India isn’t the only country currently wondering about “carnal intercourse against the order of nature”, to quote section 377 of the IPC Apparently, in the US a piece of semi-news has gone viral that Michigan has made oral and anal sex illegal. That’s not quite true - the Michigan legislature when amending the penal code simply didn’t remove the outdated section:

When the Supreme Court decided Lawrence v. Texas by a 6-3 margin in 2003, making oral and anal sex legal nationwide, 14 states still had anti-sodomy laws on the books.

The decision (which has a fascinating history) invalidated those laws. Still, 12 states, including Michigan, never repealed them.This isn’t necessarily unusual. Legislators love passing laws, but they’re much less likely to go back and clean up old ones. State criminal codes are overstuffed with outdated, unconstitutional, unenforceable laws of all kinds, and Michigan is no exception.

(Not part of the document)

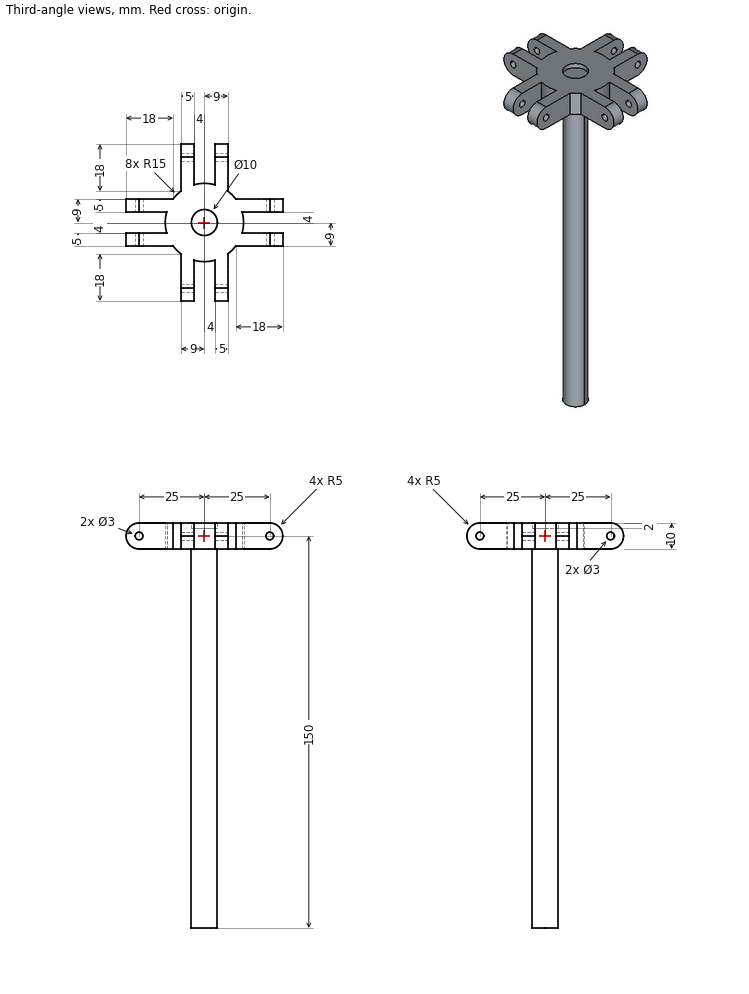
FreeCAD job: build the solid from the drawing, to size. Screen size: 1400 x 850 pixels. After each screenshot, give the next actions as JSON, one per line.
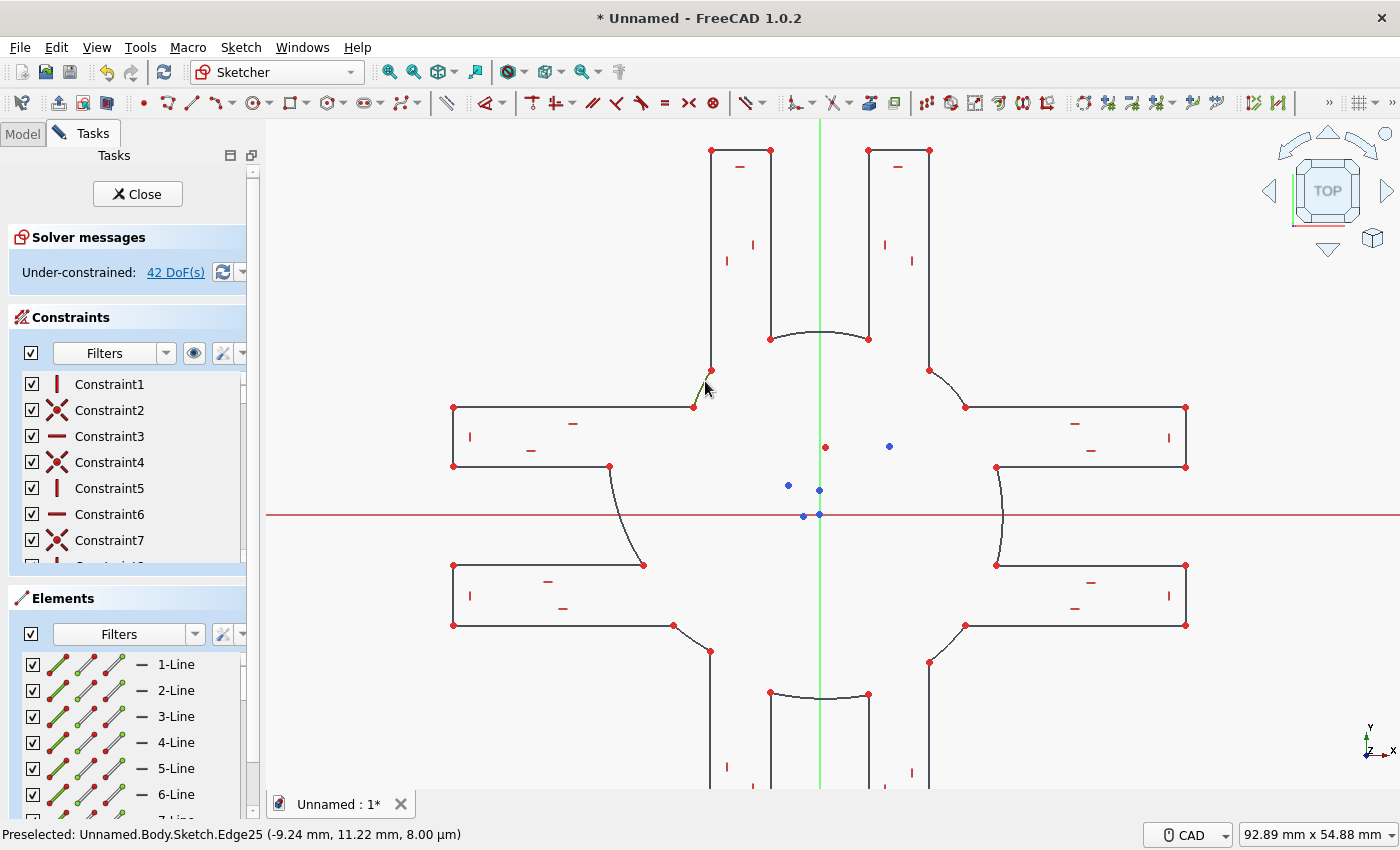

Adultery is technically a felony in Michigan. So is “seducing and debauching an unmarried woman.” The state’s penal code says unmarried people who live together can be fined or put in prison.

Read more at Vox.

02 February 2016

Chief Justice of India (CJI) TS Thakur, and justices Anil R Dave and Jagdish Singh Khehar, will hear the section 377 curative petition today at 3pm in the Supreme Court.

15 December 2015

Former Delhi high court Chief Justice and chairperson of the Law Commission AP Shah criticised the Supreme Court for overturning Delhi high court judgment on decriminalising homosexuality and commented that the Supreme Court bench had “ignored the counter-majoritarian role of the judiciary” while speaking at the Tarkunde Memorial Lecture at the India International Centre, reported The Indian Express.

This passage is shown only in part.